- _What to work on_
Produce the lines from the one containing "label,x,y,z,sx,sy,sz,roll,pitch,yaw" through the end of the material exactly as they appear, both ends included, and leave the pictures out.

*-*-*

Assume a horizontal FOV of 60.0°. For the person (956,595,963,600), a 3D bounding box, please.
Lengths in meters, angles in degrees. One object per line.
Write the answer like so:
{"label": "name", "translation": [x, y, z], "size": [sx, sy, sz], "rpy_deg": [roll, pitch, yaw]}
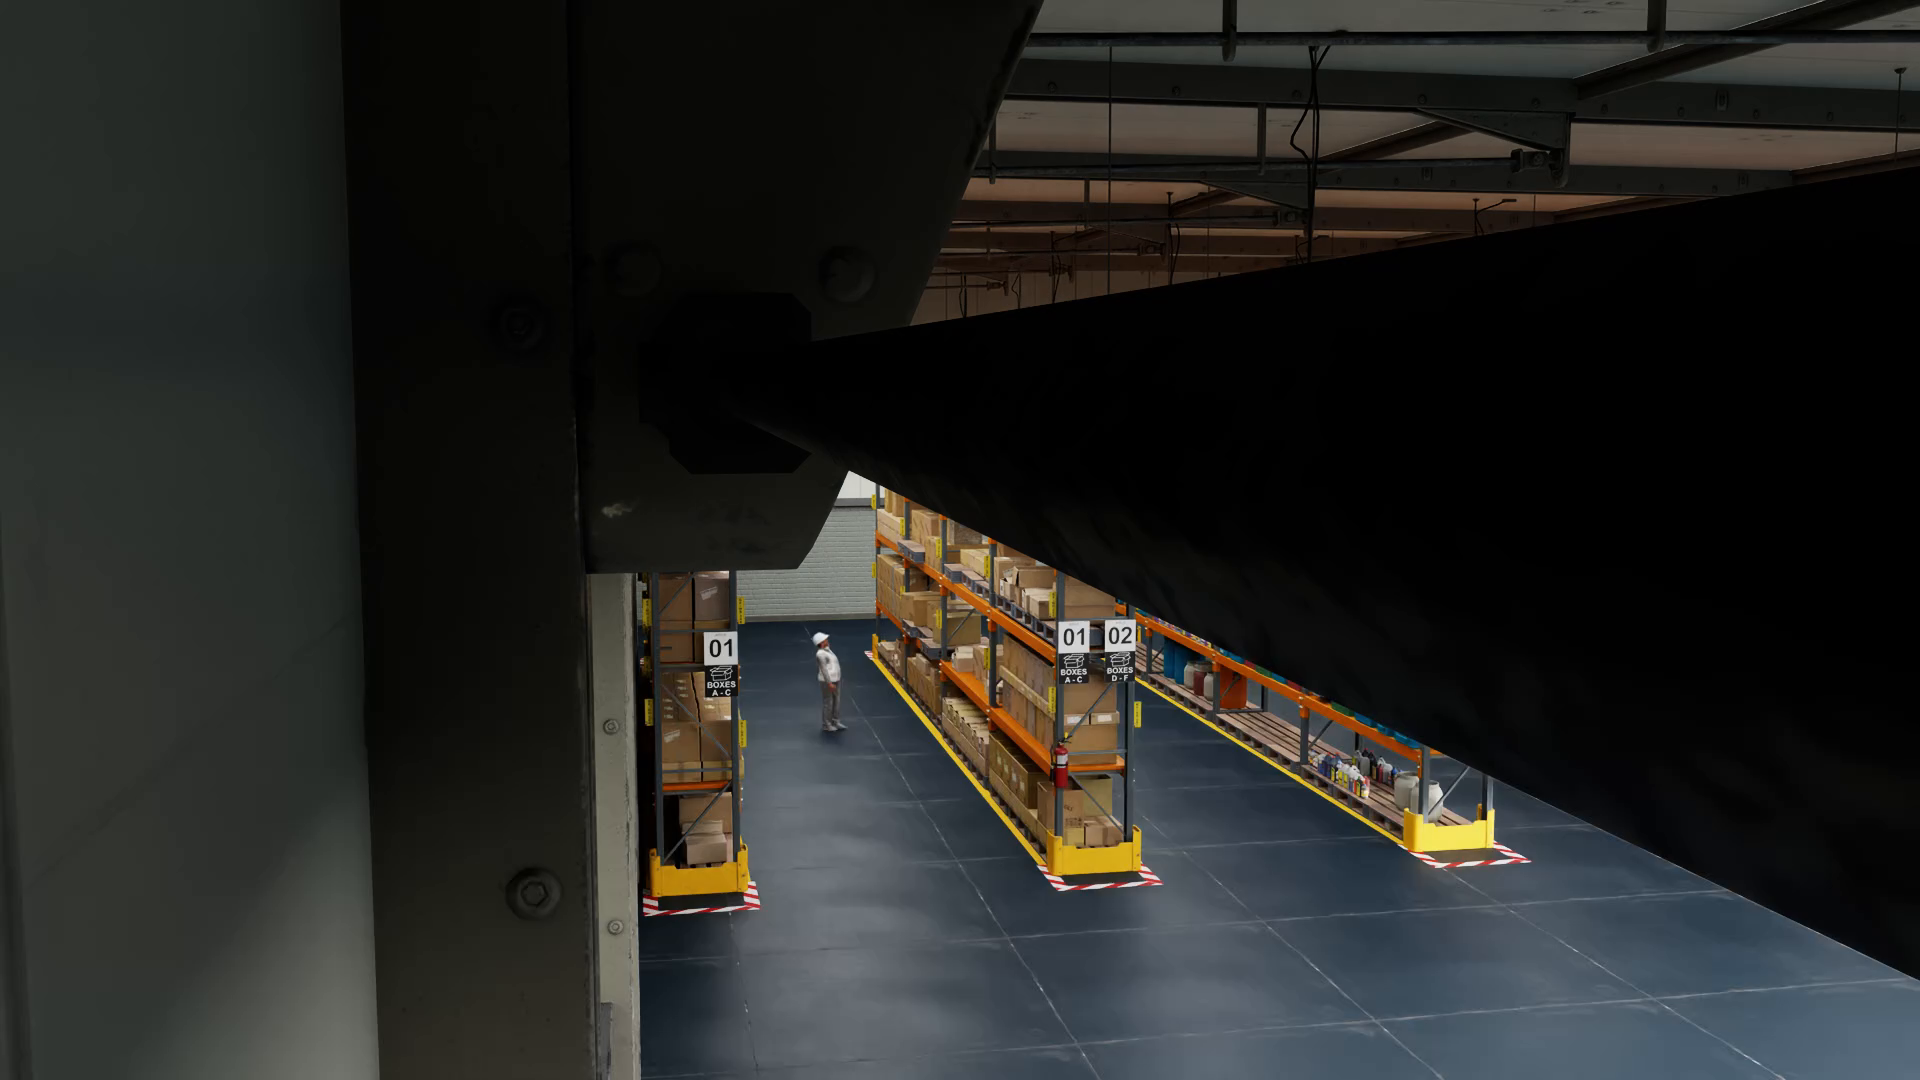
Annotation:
{"label": "person", "translation": [-0.062, 1.706, 37.483], "size": [0.642, 1.556, 0.461], "rpy_deg": [5, 7, 38]}

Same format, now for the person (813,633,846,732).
{"label": "person", "translation": [-2.292, 2.480, 29.188], "size": [0.471, 1.746, 0.621], "rpy_deg": [2, 6, 23]}
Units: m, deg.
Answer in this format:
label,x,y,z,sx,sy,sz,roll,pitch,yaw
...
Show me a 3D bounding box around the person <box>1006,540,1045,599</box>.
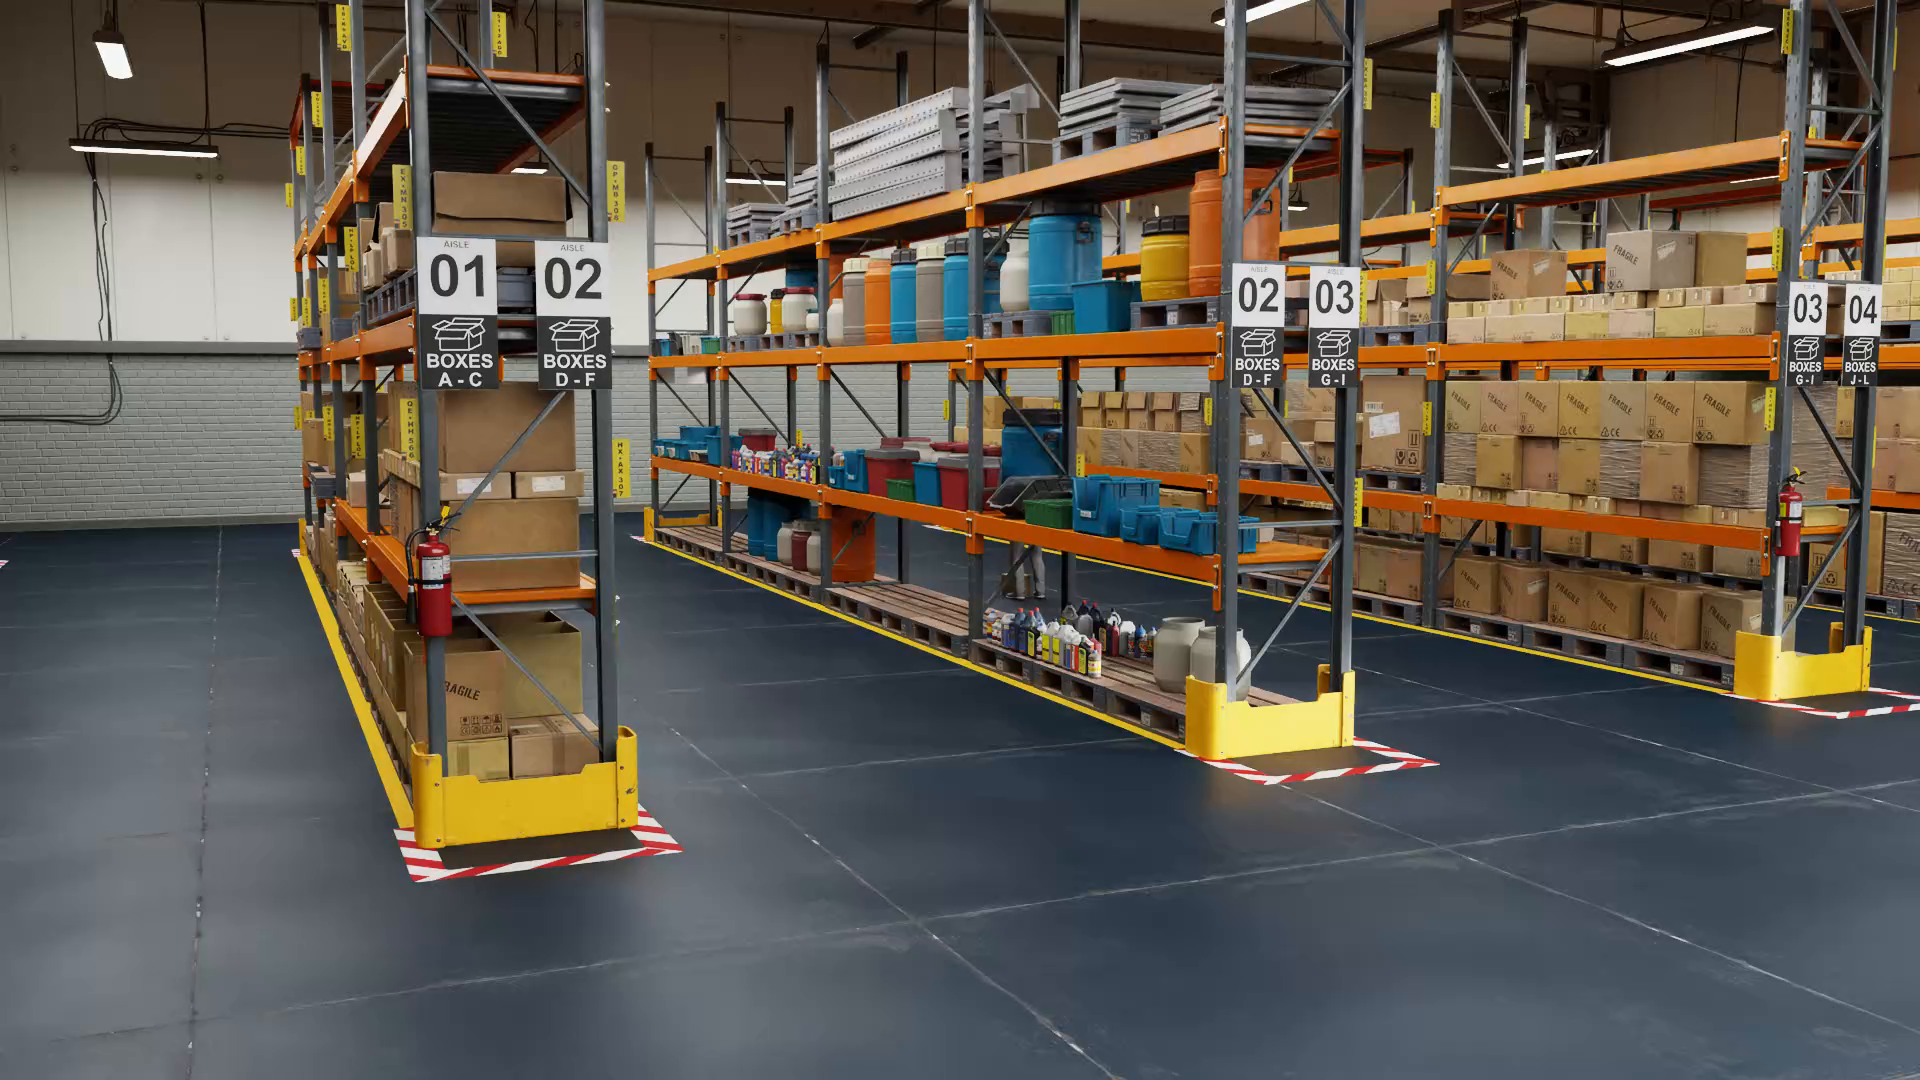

*-*-*

- _Task answer_
label,x,y,z,sx,sy,sz,roll,pitch,yaw
...
Show me a 3D bounding box around the person <box>1006,540,1045,599</box>.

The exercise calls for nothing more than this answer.